### TASK PROMPT
Please copy every record below exactly and leave out the pictures.

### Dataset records
◆ ◆ ◆ ◆ ◆

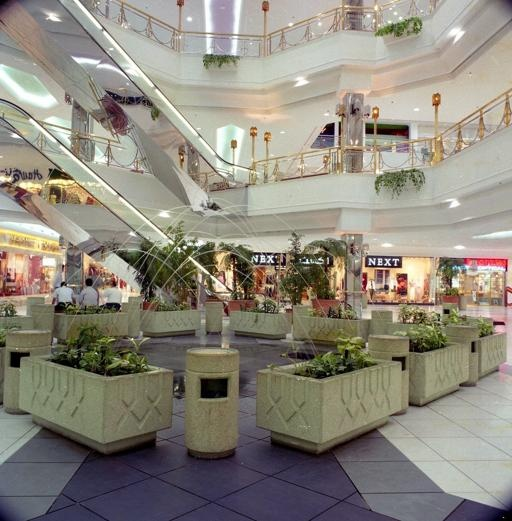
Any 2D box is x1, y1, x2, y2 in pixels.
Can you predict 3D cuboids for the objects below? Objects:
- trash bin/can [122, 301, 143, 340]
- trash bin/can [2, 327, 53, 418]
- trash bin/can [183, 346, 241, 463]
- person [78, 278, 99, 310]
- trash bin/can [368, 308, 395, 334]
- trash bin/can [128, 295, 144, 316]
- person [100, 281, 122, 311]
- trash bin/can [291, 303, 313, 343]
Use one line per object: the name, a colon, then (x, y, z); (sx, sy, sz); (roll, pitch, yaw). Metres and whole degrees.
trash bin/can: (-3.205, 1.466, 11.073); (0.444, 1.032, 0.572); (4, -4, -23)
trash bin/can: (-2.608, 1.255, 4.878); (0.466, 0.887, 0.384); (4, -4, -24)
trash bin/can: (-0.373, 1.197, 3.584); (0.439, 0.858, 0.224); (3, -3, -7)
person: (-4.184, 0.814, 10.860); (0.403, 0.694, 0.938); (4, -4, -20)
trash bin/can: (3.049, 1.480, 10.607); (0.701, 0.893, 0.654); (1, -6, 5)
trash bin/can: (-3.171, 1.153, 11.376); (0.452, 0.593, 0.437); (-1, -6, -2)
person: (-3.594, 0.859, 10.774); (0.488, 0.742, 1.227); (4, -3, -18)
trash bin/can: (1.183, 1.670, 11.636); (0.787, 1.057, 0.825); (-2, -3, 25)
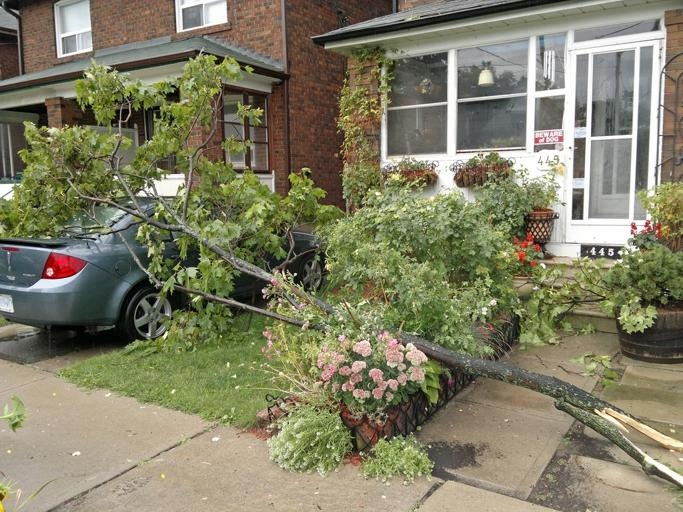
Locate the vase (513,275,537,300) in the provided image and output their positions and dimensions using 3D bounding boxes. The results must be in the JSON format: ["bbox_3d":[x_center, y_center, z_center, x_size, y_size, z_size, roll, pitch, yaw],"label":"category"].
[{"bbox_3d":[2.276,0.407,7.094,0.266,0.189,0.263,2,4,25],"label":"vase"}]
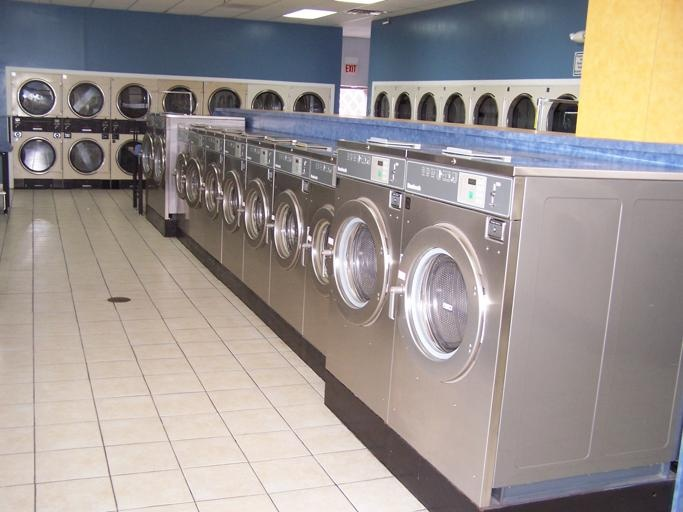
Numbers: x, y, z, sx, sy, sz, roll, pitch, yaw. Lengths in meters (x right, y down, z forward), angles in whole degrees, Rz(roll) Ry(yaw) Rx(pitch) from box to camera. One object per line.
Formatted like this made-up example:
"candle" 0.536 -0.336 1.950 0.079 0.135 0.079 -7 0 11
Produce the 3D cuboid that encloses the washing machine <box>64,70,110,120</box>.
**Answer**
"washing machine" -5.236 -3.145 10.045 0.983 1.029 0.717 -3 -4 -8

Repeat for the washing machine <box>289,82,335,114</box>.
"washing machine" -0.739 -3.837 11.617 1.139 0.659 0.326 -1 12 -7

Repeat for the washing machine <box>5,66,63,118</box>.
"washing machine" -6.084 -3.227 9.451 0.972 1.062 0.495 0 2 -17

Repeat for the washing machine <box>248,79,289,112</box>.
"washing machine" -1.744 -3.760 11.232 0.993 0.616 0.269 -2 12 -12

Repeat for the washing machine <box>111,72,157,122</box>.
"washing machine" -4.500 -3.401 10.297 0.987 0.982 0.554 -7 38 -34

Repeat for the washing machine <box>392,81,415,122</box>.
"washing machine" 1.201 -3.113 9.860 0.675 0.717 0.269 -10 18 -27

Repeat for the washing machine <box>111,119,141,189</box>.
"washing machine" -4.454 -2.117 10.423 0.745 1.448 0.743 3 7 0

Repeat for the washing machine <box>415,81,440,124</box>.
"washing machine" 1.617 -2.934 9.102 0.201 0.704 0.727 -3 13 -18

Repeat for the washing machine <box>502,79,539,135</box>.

◆ ◆ ◆ ◆ ◆

### OUTPUT OF THE EXERCISE
Any 2D box is x1, y1, x2, y2 in pixels.
Can you predict 3D cuboids for the objects below? Objects:
- trash bin/can [122, 301, 143, 340]
- trash bin/can [2, 327, 53, 418]
- trash bin/can [183, 346, 241, 463]
- person [78, 278, 99, 310]
- trash bin/can [368, 308, 395, 334]
- trash bin/can [128, 295, 144, 316]
- person [100, 281, 122, 311]
- trash bin/can [291, 303, 313, 343]
Use one line per object: the name, a colon, then (x, y, z); (sx, sy, sz); (roll, pitch, yaw). Metres and whole degrees.
trash bin/can: (-3.205, 1.466, 11.073); (0.444, 1.032, 0.572); (4, -4, -23)
trash bin/can: (-2.608, 1.255, 4.878); (0.466, 0.887, 0.384); (4, -4, -24)
trash bin/can: (-0.373, 1.197, 3.584); (0.439, 0.858, 0.224); (3, -3, -7)
person: (-4.184, 0.814, 10.860); (0.403, 0.694, 0.938); (4, -4, -20)
trash bin/can: (3.049, 1.480, 10.607); (0.701, 0.893, 0.654); (1, -6, 5)
trash bin/can: (-3.171, 1.153, 11.376); (0.452, 0.593, 0.437); (-1, -6, -2)
person: (-3.594, 0.859, 10.774); (0.488, 0.742, 1.227); (4, -3, -18)
trash bin/can: (1.183, 1.670, 11.636); (0.787, 1.057, 0.825); (-2, -3, 25)
Locate the vase (513,275,537,300) in the provided image and output their positions and dimensions using 3D bounding boxes. The results must be in the JSON format: ["bbox_3d":[x_center, y_center, z_center, x_size, y_size, z_size, roll, pitch, yaw],"label":"category"].
[{"bbox_3d":[2.276,0.407,7.094,0.266,0.189,0.263,2,4,25],"label":"vase"}]
Numbers: x, y, z, sx, sy, sz, roll, pitch, yaw. Lengths in meters (x right, y down, z forward), angles in whole degrees, Rz(roll) Ry(yaw) Rx(pitch) from box to camera. One object per line.
Formatted like this made-up example:
"candle" 0.536 -0.336 1.950 0.079 0.135 0.079 -7 0 11
Produce the 3D cuboid that encloses the washing machine <box>64,70,110,120</box>.
**Answer**
"washing machine" -5.236 -3.145 10.045 0.983 1.029 0.717 -3 -4 -8

Repeat for the washing machine <box>289,82,335,114</box>.
"washing machine" -0.739 -3.837 11.617 1.139 0.659 0.326 -1 12 -7

Repeat for the washing machine <box>5,66,63,118</box>.
"washing machine" -6.084 -3.227 9.451 0.972 1.062 0.495 0 2 -17

Repeat for the washing machine <box>248,79,289,112</box>.
"washing machine" -1.744 -3.760 11.232 0.993 0.616 0.269 -2 12 -12

Repeat for the washing machine <box>111,72,157,122</box>.
"washing machine" -4.500 -3.401 10.297 0.987 0.982 0.554 -7 38 -34

Repeat for the washing machine <box>392,81,415,122</box>.
"washing machine" 1.201 -3.113 9.860 0.675 0.717 0.269 -10 18 -27

Repeat for the washing machine <box>111,119,141,189</box>.
"washing machine" -4.454 -2.117 10.423 0.745 1.448 0.743 3 7 0

Repeat for the washing machine <box>415,81,440,124</box>.
"washing machine" 1.617 -2.934 9.102 0.201 0.704 0.727 -3 13 -18

Repeat for the washing machine <box>502,79,539,135</box>.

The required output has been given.